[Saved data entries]
§

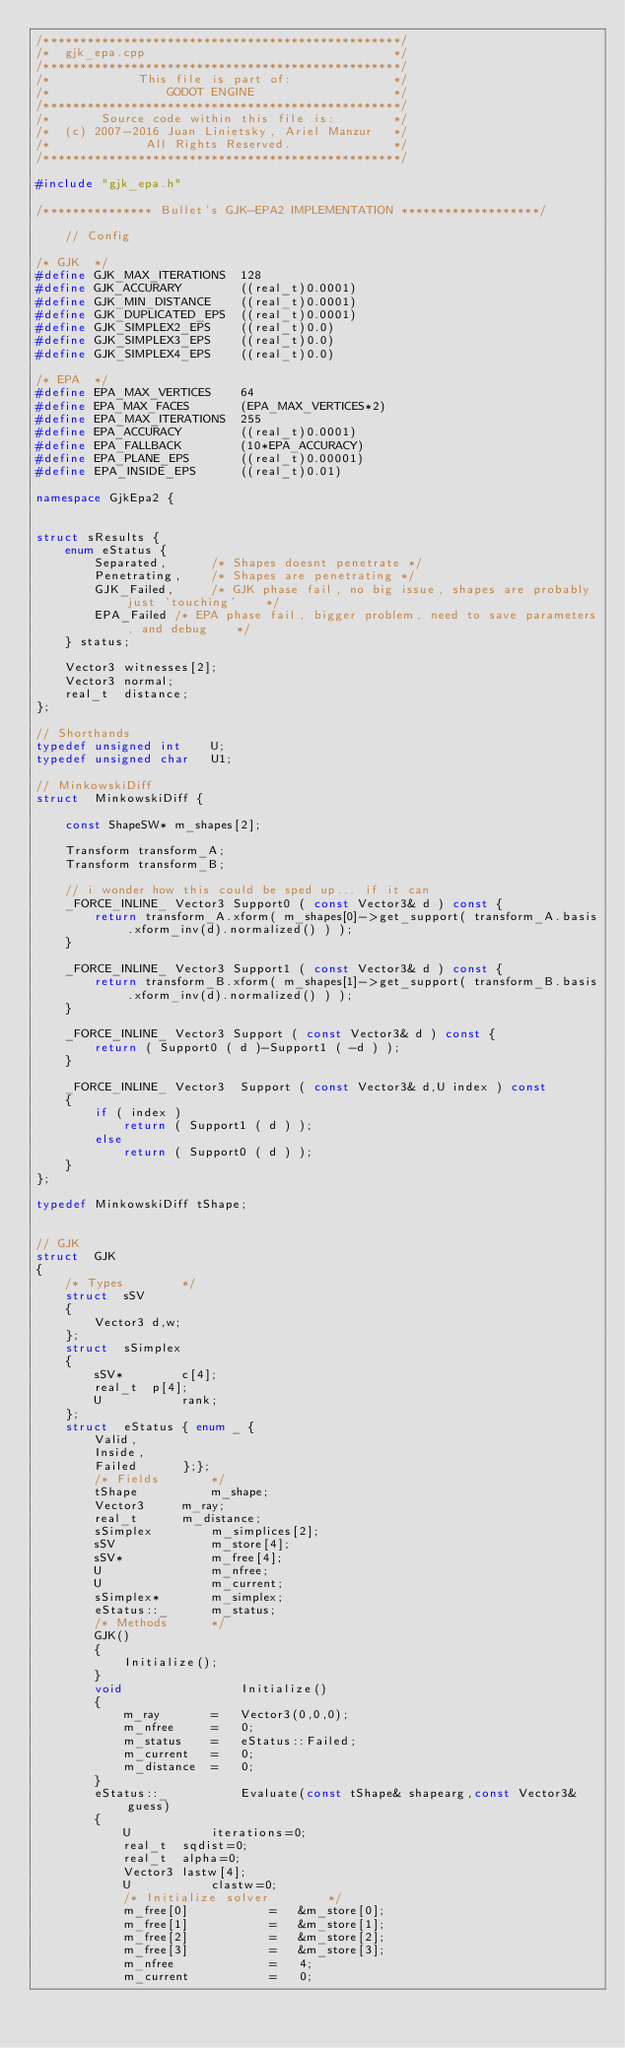Convert code to text. <code><loc_0><loc_0><loc_500><loc_500><_C++_>/*************************************************/
/*  gjk_epa.cpp                                  */
/*************************************************/
/*            This file is part of:              */
/*                GODOT ENGINE                   */
/*************************************************/
/*       Source code within this file is:        */
/*  (c) 2007-2016 Juan Linietsky, Ariel Manzur   */
/*             All Rights Reserved.              */
/*************************************************/

#include "gjk_epa.h"

/*************** Bullet's GJK-EPA2 IMPLEMENTATION *******************/

	// Config

/* GJK	*/
#define GJK_MAX_ITERATIONS	128
#define GJK_ACCURARY		((real_t)0.0001)
#define GJK_MIN_DISTANCE	((real_t)0.0001)
#define GJK_DUPLICATED_EPS	((real_t)0.0001)
#define GJK_SIMPLEX2_EPS	((real_t)0.0)
#define GJK_SIMPLEX3_EPS	((real_t)0.0)
#define GJK_SIMPLEX4_EPS	((real_t)0.0)

/* EPA	*/
#define EPA_MAX_VERTICES	64
#define EPA_MAX_FACES		(EPA_MAX_VERTICES*2)
#define EPA_MAX_ITERATIONS	255
#define EPA_ACCURACY		((real_t)0.0001)
#define EPA_FALLBACK		(10*EPA_ACCURACY)
#define EPA_PLANE_EPS		((real_t)0.00001)
#define EPA_INSIDE_EPS		((real_t)0.01)

namespace GjkEpa2 {


struct sResults	{
	enum eStatus {
		Separated,		/* Shapes doesnt penetrate */
		Penetrating,	/* Shapes are penetrating */
		GJK_Failed,		/* GJK phase fail, no big issue, shapes are probably just 'touching'	*/
		EPA_Failed /* EPA phase fail, bigger problem, need to save parameters, and debug	*/
	} status;

	Vector3	witnesses[2];
	Vector3	normal;
	real_t	distance;
};

// Shorthands
typedef unsigned int	U;
typedef unsigned char	U1;

// MinkowskiDiff
struct	MinkowskiDiff {

	const ShapeSW* m_shapes[2];

	Transform transform_A;
	Transform transform_B;

	// i wonder how this could be sped up... if it can
	_FORCE_INLINE_ Vector3 Support0 ( const Vector3& d ) const {
		return transform_A.xform( m_shapes[0]->get_support( transform_A.basis.xform_inv(d).normalized() ) );
	}

	_FORCE_INLINE_ Vector3 Support1 ( const Vector3& d ) const {
		return transform_B.xform( m_shapes[1]->get_support( transform_B.basis.xform_inv(d).normalized() ) );
	}

	_FORCE_INLINE_ Vector3 Support ( const Vector3& d ) const {
		return ( Support0 ( d )-Support1 ( -d ) );
	}

	_FORCE_INLINE_ Vector3	Support ( const Vector3& d,U index ) const
	{
		if ( index )
			return ( Support1 ( d ) );
		else
			return ( Support0 ( d ) );
	}
};

typedef	MinkowskiDiff tShape;


// GJK
struct	GJK
{
	/* Types		*/
	struct	sSV
	{
		Vector3	d,w;
	};
	struct	sSimplex
	{
		sSV*		c[4];
		real_t	p[4];
		U			rank;
	};
	struct	eStatus	{ enum _ {
		Valid,
		Inside,
		Failed		};};
		/* Fields		*/
		tShape			m_shape;
		Vector3		m_ray;
		real_t		m_distance;
		sSimplex		m_simplices[2];
		sSV				m_store[4];
		sSV*			m_free[4];
		U				m_nfree;
		U				m_current;
		sSimplex*		m_simplex;
		eStatus::_		m_status;
		/* Methods		*/
		GJK()
		{
			Initialize();
		}
		void				Initialize()
		{
			m_ray		=	Vector3(0,0,0);
			m_nfree		=	0;
			m_status	=	eStatus::Failed;
			m_current	=	0;
			m_distance	=	0;
		}
		eStatus::_			Evaluate(const tShape& shapearg,const Vector3& guess)
		{
			U			iterations=0;
			real_t	sqdist=0;
			real_t	alpha=0;
			Vector3	lastw[4];
			U			clastw=0;
			/* Initialize solver		*/
			m_free[0]			=	&m_store[0];
			m_free[1]			=	&m_store[1];
			m_free[2]			=	&m_store[2];
			m_free[3]			=	&m_store[3];
			m_nfree				=	4;
			m_current			=	0;</code> 
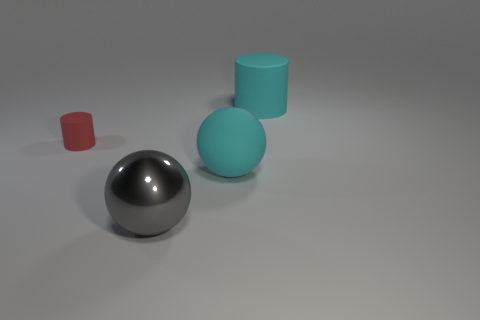There is a big object that is the same color as the large rubber ball; what material is it?
Your answer should be compact. Rubber. Is the material of the large cyan object to the left of the large matte cylinder the same as the large ball in front of the large cyan sphere?
Ensure brevity in your answer.  No. Do the rubber sphere and the big cylinder have the same color?
Give a very brief answer. Yes. There is another tiny cylinder that is made of the same material as the cyan cylinder; what color is it?
Offer a very short reply. Red. What number of other large spheres are the same material as the big gray sphere?
Your response must be concise. 0. Do the large rubber thing that is left of the big cyan matte cylinder and the large rubber cylinder have the same color?
Keep it short and to the point. Yes. What number of big cyan matte objects are the same shape as the small red rubber object?
Your answer should be compact. 1. Are there an equal number of tiny red things that are in front of the big gray thing and tiny red shiny cylinders?
Make the answer very short. Yes. There is a metallic ball that is the same size as the cyan cylinder; what color is it?
Provide a short and direct response. Gray. Is there a big green thing of the same shape as the big gray metal object?
Your answer should be very brief. No. 
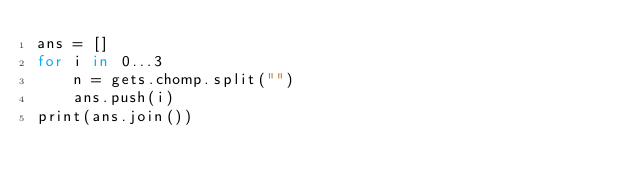Convert code to text. <code><loc_0><loc_0><loc_500><loc_500><_Ruby_>ans = []
for i in 0...3
    n = gets.chomp.split("")
    ans.push(i)
print(ans.join())</code> 
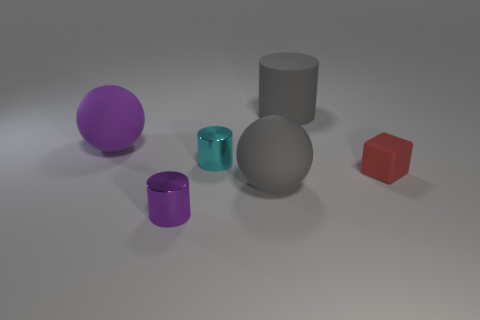Is the number of tiny red matte cubes behind the big gray cylinder less than the number of small red cubes?
Give a very brief answer. Yes. There is a small metal object that is on the right side of the purple cylinder; what is its color?
Make the answer very short. Cyan. There is a large ball that is the same color as the big rubber cylinder; what is it made of?
Keep it short and to the point. Rubber. Is there another tiny purple object that has the same shape as the purple rubber object?
Offer a very short reply. No. How many other objects have the same shape as the cyan shiny thing?
Keep it short and to the point. 2. Do the block and the matte cylinder have the same color?
Offer a terse response. No. Are there fewer shiny things than purple rubber things?
Provide a succinct answer. No. What is the material of the small cylinder to the right of the purple metal object?
Keep it short and to the point. Metal. There is a cyan cylinder that is the same size as the red object; what material is it?
Offer a terse response. Metal. There is a large ball that is behind the ball in front of the small cylinder that is to the right of the purple metallic cylinder; what is its material?
Your answer should be compact. Rubber.

§

WHAT THE TASK ASKS:
Each entry is to be transcribed verbatim, and any picture in it is to be skipped.

ANSWER SECTION:
Convert code to text. <code><loc_0><loc_0><loc_500><loc_500><_C++_>/*************************************************/
/*  gjk_epa.cpp                                  */
/*************************************************/
/*            This file is part of:              */
/*                GODOT ENGINE                   */
/*************************************************/
/*       Source code within this file is:        */
/*  (c) 2007-2016 Juan Linietsky, Ariel Manzur   */
/*             All Rights Reserved.              */
/*************************************************/

#include "gjk_epa.h"

/*************** Bullet's GJK-EPA2 IMPLEMENTATION *******************/

	// Config

/* GJK	*/
#define GJK_MAX_ITERATIONS	128
#define GJK_ACCURARY		((real_t)0.0001)
#define GJK_MIN_DISTANCE	((real_t)0.0001)
#define GJK_DUPLICATED_EPS	((real_t)0.0001)
#define GJK_SIMPLEX2_EPS	((real_t)0.0)
#define GJK_SIMPLEX3_EPS	((real_t)0.0)
#define GJK_SIMPLEX4_EPS	((real_t)0.0)

/* EPA	*/
#define EPA_MAX_VERTICES	64
#define EPA_MAX_FACES		(EPA_MAX_VERTICES*2)
#define EPA_MAX_ITERATIONS	255
#define EPA_ACCURACY		((real_t)0.0001)
#define EPA_FALLBACK		(10*EPA_ACCURACY)
#define EPA_PLANE_EPS		((real_t)0.00001)
#define EPA_INSIDE_EPS		((real_t)0.01)

namespace GjkEpa2 {


struct sResults	{
	enum eStatus {
		Separated,		/* Shapes doesnt penetrate */
		Penetrating,	/* Shapes are penetrating */
		GJK_Failed,		/* GJK phase fail, no big issue, shapes are probably just 'touching'	*/
		EPA_Failed /* EPA phase fail, bigger problem, need to save parameters, and debug	*/
	} status;

	Vector3	witnesses[2];
	Vector3	normal;
	real_t	distance;
};

// Shorthands
typedef unsigned int	U;
typedef unsigned char	U1;

// MinkowskiDiff
struct	MinkowskiDiff {

	const ShapeSW* m_shapes[2];

	Transform transform_A;
	Transform transform_B;

	// i wonder how this could be sped up... if it can
	_FORCE_INLINE_ Vector3 Support0 ( const Vector3& d ) const {
		return transform_A.xform( m_shapes[0]->get_support( transform_A.basis.xform_inv(d).normalized() ) );
	}

	_FORCE_INLINE_ Vector3 Support1 ( const Vector3& d ) const {
		return transform_B.xform( m_shapes[1]->get_support( transform_B.basis.xform_inv(d).normalized() ) );
	}

	_FORCE_INLINE_ Vector3 Support ( const Vector3& d ) const {
		return ( Support0 ( d )-Support1 ( -d ) );
	}

	_FORCE_INLINE_ Vector3	Support ( const Vector3& d,U index ) const
	{
		if ( index )
			return ( Support1 ( d ) );
		else
			return ( Support0 ( d ) );
	}
};

typedef	MinkowskiDiff tShape;


// GJK
struct	GJK
{
	/* Types		*/
	struct	sSV
	{
		Vector3	d,w;
	};
	struct	sSimplex
	{
		sSV*		c[4];
		real_t	p[4];
		U			rank;
	};
	struct	eStatus	{ enum _ {
		Valid,
		Inside,
		Failed		};};
		/* Fields		*/
		tShape			m_shape;
		Vector3		m_ray;
		real_t		m_distance;
		sSimplex		m_simplices[2];
		sSV				m_store[4];
		sSV*			m_free[4];
		U				m_nfree;
		U				m_current;
		sSimplex*		m_simplex;
		eStatus::_		m_status;
		/* Methods		*/
		GJK()
		{
			Initialize();
		}
		void				Initialize()
		{
			m_ray		=	Vector3(0,0,0);
			m_nfree		=	0;
			m_status	=	eStatus::Failed;
			m_current	=	0;
			m_distance	=	0;
		}
		eStatus::_			Evaluate(const tShape& shapearg,const Vector3& guess)
		{
			U			iterations=0;
			real_t	sqdist=0;
			real_t	alpha=0;
			Vector3	lastw[4];
			U			clastw=0;
			/* Initialize solver		*/
			m_free[0]			=	&m_store[0];
			m_free[1]			=	&m_store[1];
			m_free[2]			=	&m_store[2];
			m_free[3]			=	&m_store[3];
			m_nfree				=	4;
			m_current			=	0;</code> 
There is a big object that is the same color as the large rubber ball; what material is it?
Your answer should be compact. Rubber. Is the material of the large cyan object to the left of the large matte cylinder the same as the large ball in front of the large cyan sphere?
Ensure brevity in your answer.  No. Do the rubber sphere and the big cylinder have the same color?
Give a very brief answer. Yes. There is another tiny cylinder that is made of the same material as the cyan cylinder; what color is it?
Offer a very short reply. Red. What number of other large spheres are the same material as the big gray sphere?
Your response must be concise. 0. Do the large rubber thing that is left of the big cyan matte cylinder and the large rubber cylinder have the same color?
Keep it short and to the point. Yes. What number of big cyan matte objects are the same shape as the small red rubber object?
Your answer should be compact. 1. Are there an equal number of tiny red things that are in front of the big gray thing and tiny red shiny cylinders?
Make the answer very short. Yes. There is a metallic ball that is the same size as the cyan cylinder; what color is it?
Provide a short and direct response. Gray. Is there a big green thing of the same shape as the big gray metal object?
Your answer should be very brief. No. 
Convert code to text. <code><loc_0><loc_0><loc_500><loc_500><_Ruby_>ans = []
for i in 0...3
    n = gets.chomp.split("")
    ans.push(i)
print(ans.join())</code> 
Is the number of tiny red matte cubes behind the big gray cylinder less than the number of small red cubes?
Give a very brief answer. Yes. There is a small metal object that is on the right side of the purple cylinder; what is its color?
Make the answer very short. Cyan. There is a large ball that is the same color as the big rubber cylinder; what is it made of?
Keep it short and to the point. Rubber. Is there another tiny purple object that has the same shape as the purple rubber object?
Offer a very short reply. No. How many other objects have the same shape as the cyan shiny thing?
Keep it short and to the point. 2. Do the block and the matte cylinder have the same color?
Offer a terse response. No. Are there fewer shiny things than purple rubber things?
Provide a succinct answer. No. What is the material of the small cylinder to the right of the purple metal object?
Keep it short and to the point. Metal. There is a cyan cylinder that is the same size as the red object; what material is it?
Offer a terse response. Metal. There is a large ball that is behind the ball in front of the small cylinder that is to the right of the purple metallic cylinder; what is its material?
Your answer should be compact. Rubber.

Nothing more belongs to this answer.